(ABOUT THIS EXERCISE): The listing is to be reproduced exactly, excluding its pictures.

········

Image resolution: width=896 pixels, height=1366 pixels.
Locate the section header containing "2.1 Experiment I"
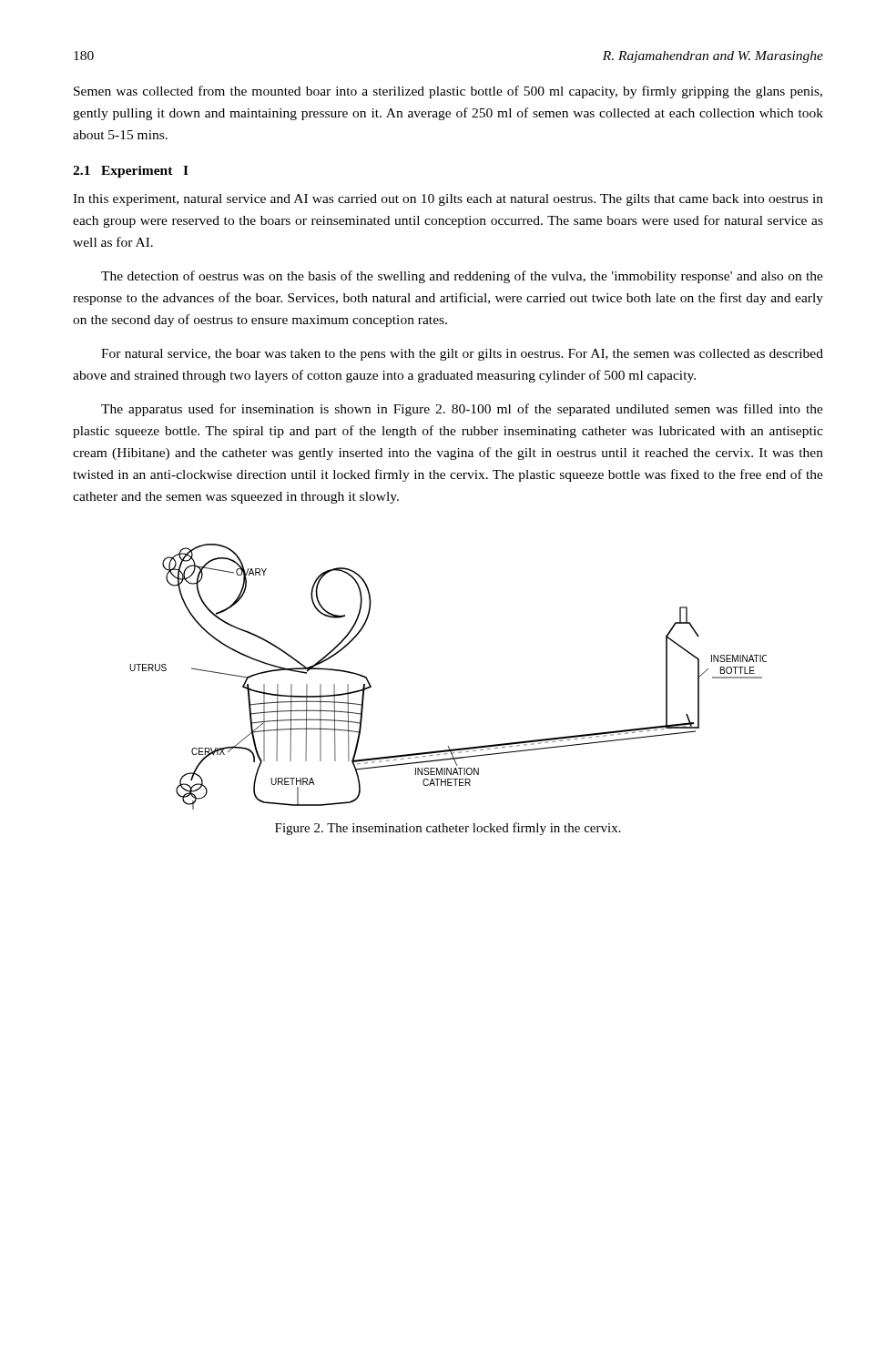click(x=131, y=170)
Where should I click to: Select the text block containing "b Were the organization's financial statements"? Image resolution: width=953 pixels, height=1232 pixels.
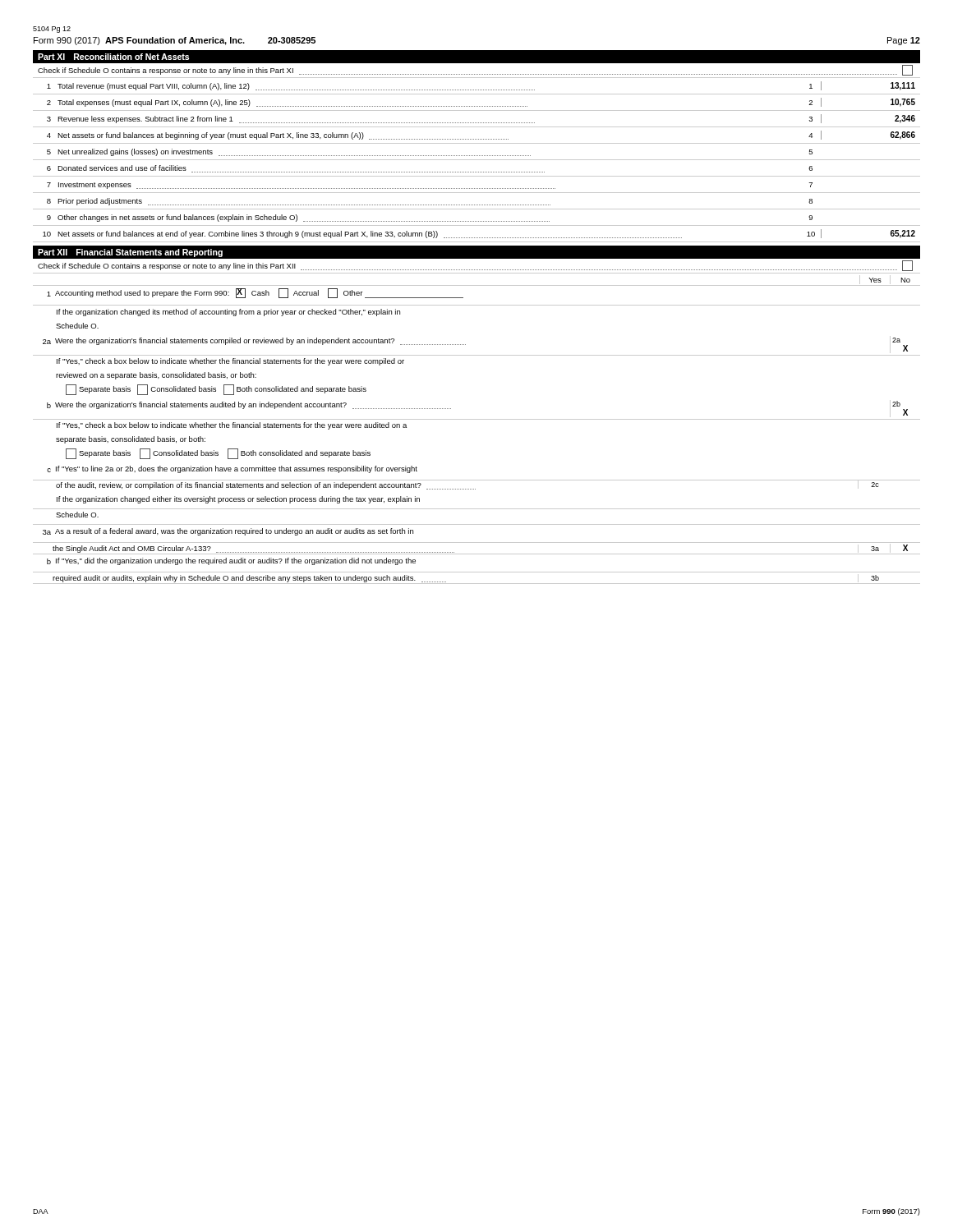476,409

········

(REPLY TO THE TASK):
Image resolution: width=896 pixels, height=1366 pixels.
Locate the section header containing "2.1 Experiment I"
click(x=131, y=170)
Where should I click to: Select the text block containing "b Were the organization's financial statements"? Image resolution: width=953 pixels, height=1232 pixels.
476,409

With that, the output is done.